Sağlık Bakanlığı, korona virüs nedeniyle son 24 saatte 69 kişinin hayatını kaybettiğini, toplam can kaybının 425’ye yükseldiğini açıkladı.

Sağlık Bakanlığından yapılan açıklamada, korona virüs nedeniyle son 24 saatte 69 kişinin hayatını kaybettiği toplam vefat sayısının 425 olduğu açıklandı. Açıklamada, bugünkü test sayısının 16 bin 160, vaka sayısı ise 2 bin 786 olduğu belirtildi.

Toplam test sayısının 141 bin 716, toplam vaka sayısının 20 bin 921, yoğun bakım hasta sayısının bin 251, entübe hasta sayısının 867, iyileşen hasta sayısının 484 olduğu kaydedildi.

“İstanbul’da bir kişinin bulaştırdığı kişi sayısı 16”

Doğru maske kullanımına ilişkin soruya Bakan Koca, “Hastalık belirtisi olan herkesin mutlak maske takması gerektiğini ancak şu dönemde her geçen gün risk taşıyan ve giderek vaka sayısının arttığı bölgelerin olduğunu biliyoruz. Bu bölgelerde maske takmanın doğru olabileceğini, özellikle kalabalık ortamlarda market, Pazar, toplu taşıma gibi çalışma ortamı gibi yoğun ortamlarda maske tıkılması gerektiği bilim kurulunun da önerisi” şeklinde yanıt verdi.

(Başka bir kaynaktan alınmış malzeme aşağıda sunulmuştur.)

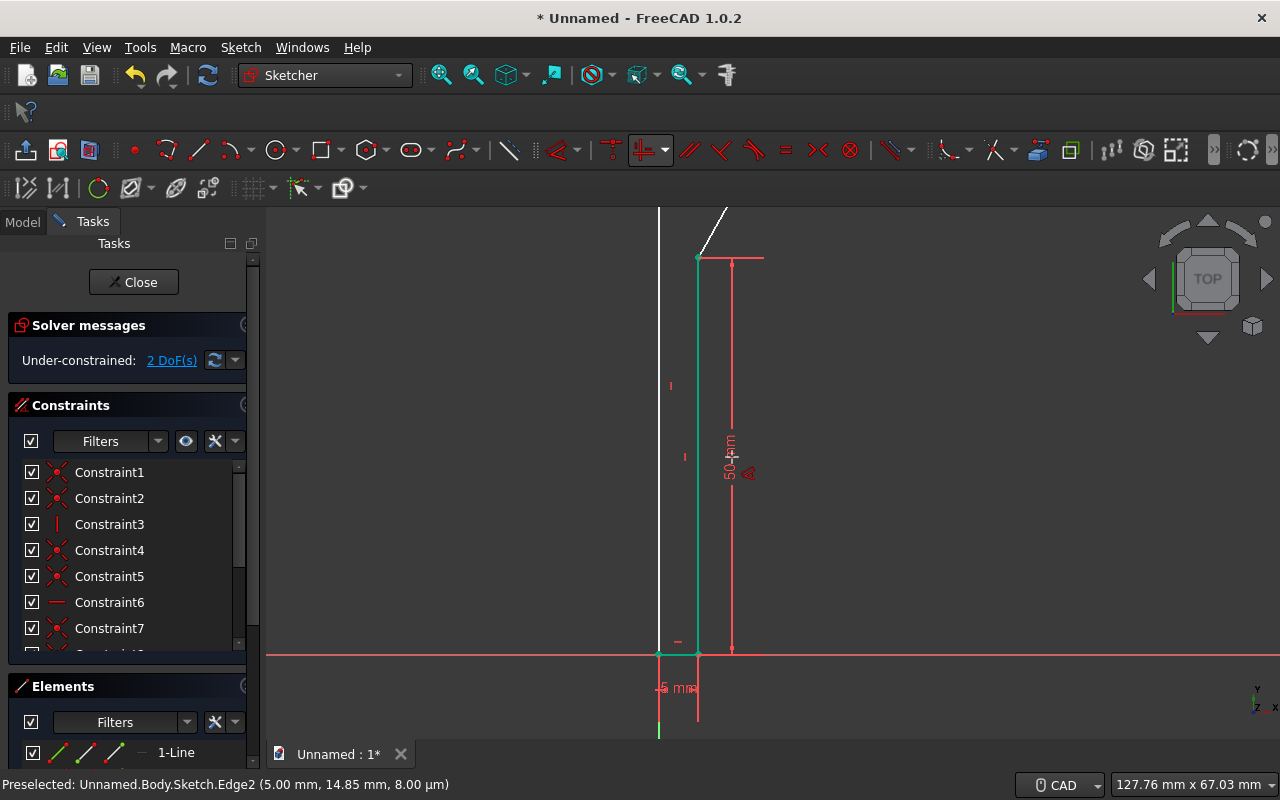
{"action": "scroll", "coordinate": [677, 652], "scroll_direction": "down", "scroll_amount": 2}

Virüsün bulaş şiddetine ilişkin Sağlık Bakanı Koca, virüsle ilgili bilgi kaynağının DSÖ ve Çin olduğunu belirterek, “Bir kişinin ortalama 2,6 kişiye bulaştırdığını biliyoruz. Kendi vakalarımızın analizlerini yapıyoruz. Çin’de analizlerde binlerle on binlerle ifade edilen bir analiz biz görmedik. Türkiye analizlerinde bu bilgiyi aktarmış olacak. Bizim gördüğümüz sadece İstanbul için söylüyorum. Bir kişinin bulaştırdığı kişi sayısı 16” dedi.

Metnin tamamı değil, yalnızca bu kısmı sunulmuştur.